What Exactly Is RISC-V? Why Does Vitalik Want to Replace the EVM with It? Why Has It Sparked Community Debate?
In recent days, one of the hottest topics in the crypto community has been RISC-V. The spark for the discussion came from Vitalik's idea of replacing the EVM with RISC-V, which has stirred considerable debate. So, what exactly is RISC-V? Why does Vitalik want to replace the EVM with it? And why has it caused such a stir in the community? This article will break it all down for you.
On April 20, Vitalik Buterin published a post titled “Long-term L1 execution layer proposal: replace the EVM with RISC-V,” in which he shared the idea of using RISC-V to replace the EVM as the virtual machine language for writing smart contracts. The goal is to significantly improve the efficiency of Ethereum's execution layer, address one of its major scaling bottlenecks, and greatly simplify the execution layer. He even noted that this might be the only way forward.
What Is RISC-V?
The core idea behind RISC is: each instruction performs a single function and has a fixed format, making it easier to execute instructions in a pipelined and parallelized way. In contrast, traditional CISC architectures (like x86 or ARM) contain a wide variety of complex instructions and require sophisticated decoders.
RISC-V was initiated in 2010 by a team at the University of California, Berkeley, and has since evolved to its fifth version, all while maintaining the open-source spirit of the BSD license. Any enterprise or academic institution can build its own custom instruction sets on top of it.
Put simply, RISC is a real-world computer language that engineers use to build chips and processors. It has now reached its fifth generation—RISC-V. Unlike the closed ecosystems of Intel or ARM, RISC-V is open-source—anyone can build on top of it. Think of it as the Linux of computer hardware. It's open, customizable, and rapidly growing.
Why Replace the EVM with RISC-V?
- Better Performance for Zero-Knowledge Proofs
The Ethereum ecosystem has a high demand for ZK-Rollups, ZK-SNARKs/PLONK, etc. But when generating zk circuits, converting EVM bytecode and memory access into constraint systems comes at a high cost.
RISC-V, being a widely used real-world Instruction Set Architecture (ISA), already has mature ZK compilers like ZKLLVM and Pepper, which can directly map RISC-V instructions to circuits—greatly improving performance and efficiency.
- Easier Long-Term Development and Maintenance
To maintain backward compatibility with old protocols, EIPs, and community needs, the EVM has been bloated with new instructions and features, resulting in a massive codebase that's hard to refactor.
RISC-V is built on modular standards: its base instruction set is minimal, with many optional extensions (atomic ops, floating point, vector instructions). It leaves complexity to the application layer, allowing the execution layer to be implemented in just a few thousand lines of C code.
- Compatibility with Mainstream Tools and Compilers
Most blockchain developers are already comfortable with C/C++, Rust, Go, and similar languages, which are all based on LLVM and GCC compilers under the hood.

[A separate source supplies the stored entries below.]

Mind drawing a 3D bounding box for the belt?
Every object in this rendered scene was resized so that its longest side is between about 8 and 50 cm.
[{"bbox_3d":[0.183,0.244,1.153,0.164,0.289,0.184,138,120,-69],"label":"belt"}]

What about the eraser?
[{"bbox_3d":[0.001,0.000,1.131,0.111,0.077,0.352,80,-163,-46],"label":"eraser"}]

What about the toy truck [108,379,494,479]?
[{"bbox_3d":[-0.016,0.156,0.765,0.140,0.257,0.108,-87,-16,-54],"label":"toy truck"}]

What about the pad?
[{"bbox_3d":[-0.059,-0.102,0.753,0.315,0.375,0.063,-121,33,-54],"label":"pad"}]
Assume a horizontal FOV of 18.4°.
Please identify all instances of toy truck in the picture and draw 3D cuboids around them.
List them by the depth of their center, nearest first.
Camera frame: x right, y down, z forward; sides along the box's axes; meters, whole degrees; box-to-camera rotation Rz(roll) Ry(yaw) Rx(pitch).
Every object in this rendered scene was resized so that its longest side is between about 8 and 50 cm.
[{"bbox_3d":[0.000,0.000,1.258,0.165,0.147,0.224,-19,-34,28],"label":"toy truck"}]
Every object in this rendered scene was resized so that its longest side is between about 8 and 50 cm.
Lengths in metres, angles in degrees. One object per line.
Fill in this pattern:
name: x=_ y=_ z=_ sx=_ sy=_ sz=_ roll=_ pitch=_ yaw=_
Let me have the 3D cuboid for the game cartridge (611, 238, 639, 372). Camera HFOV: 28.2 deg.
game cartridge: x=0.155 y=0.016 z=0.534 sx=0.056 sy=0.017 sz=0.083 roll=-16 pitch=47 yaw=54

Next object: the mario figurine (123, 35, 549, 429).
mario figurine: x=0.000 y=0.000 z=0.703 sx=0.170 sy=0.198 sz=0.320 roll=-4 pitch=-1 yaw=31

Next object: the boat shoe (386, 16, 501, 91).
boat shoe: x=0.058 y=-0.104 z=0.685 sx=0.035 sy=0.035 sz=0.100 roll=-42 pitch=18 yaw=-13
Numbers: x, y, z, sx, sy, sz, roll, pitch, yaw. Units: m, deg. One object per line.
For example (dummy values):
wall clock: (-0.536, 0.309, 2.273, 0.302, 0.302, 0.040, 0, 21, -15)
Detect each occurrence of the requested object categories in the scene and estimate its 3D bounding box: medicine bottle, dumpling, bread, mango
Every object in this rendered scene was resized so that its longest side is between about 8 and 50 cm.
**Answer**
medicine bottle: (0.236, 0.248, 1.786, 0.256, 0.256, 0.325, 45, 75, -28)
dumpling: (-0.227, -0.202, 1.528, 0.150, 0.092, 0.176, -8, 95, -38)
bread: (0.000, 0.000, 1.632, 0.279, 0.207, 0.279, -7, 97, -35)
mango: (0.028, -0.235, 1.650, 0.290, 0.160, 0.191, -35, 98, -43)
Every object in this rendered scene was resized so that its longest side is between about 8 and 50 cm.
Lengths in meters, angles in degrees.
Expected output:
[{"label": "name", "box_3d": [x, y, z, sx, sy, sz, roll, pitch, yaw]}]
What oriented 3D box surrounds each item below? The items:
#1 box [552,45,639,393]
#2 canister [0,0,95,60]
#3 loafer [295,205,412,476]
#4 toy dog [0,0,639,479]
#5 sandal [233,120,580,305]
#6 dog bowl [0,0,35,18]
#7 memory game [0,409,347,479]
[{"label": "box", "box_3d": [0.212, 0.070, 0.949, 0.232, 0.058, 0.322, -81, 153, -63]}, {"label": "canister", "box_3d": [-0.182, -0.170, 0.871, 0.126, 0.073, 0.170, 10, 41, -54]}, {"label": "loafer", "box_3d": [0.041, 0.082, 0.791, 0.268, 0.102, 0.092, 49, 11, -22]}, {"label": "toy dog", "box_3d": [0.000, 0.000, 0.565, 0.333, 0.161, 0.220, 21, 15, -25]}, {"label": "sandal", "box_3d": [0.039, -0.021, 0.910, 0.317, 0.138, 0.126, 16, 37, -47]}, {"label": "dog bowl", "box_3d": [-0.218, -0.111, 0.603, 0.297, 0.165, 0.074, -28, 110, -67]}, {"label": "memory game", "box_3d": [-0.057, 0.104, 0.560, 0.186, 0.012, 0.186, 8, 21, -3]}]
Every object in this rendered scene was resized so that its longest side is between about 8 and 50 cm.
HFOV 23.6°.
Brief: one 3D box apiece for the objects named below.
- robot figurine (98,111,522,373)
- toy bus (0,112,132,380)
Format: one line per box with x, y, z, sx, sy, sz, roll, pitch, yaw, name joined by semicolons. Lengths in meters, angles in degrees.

With native support for RISC-V, the on-chain execution layer can directly output binaries from mainstream compilers. Developers only need to write in standard languages to compile, debug, and verify contracts with a single command—massively lowering the learning curve.
- A Simpler, More Efficient Blockchain Design Path
The current EVM + Solidity model involves two layers of abstraction: you write in a high-level language, compile it into EVM bytecode, then execute it via an interpreter.
With RISC-V, you can directly execute “native” contracts, skipping the intermediate layer, shortening the instruction path, and greatly improving throughput and execution determinism.
Conclusion
The proposal to replace the EVM with RISC-V paints a future that is more open-source, universal, and efficient. But to make this vision a reality, it will have to overcome major challenges like compatibility, governance, forks, and development costs.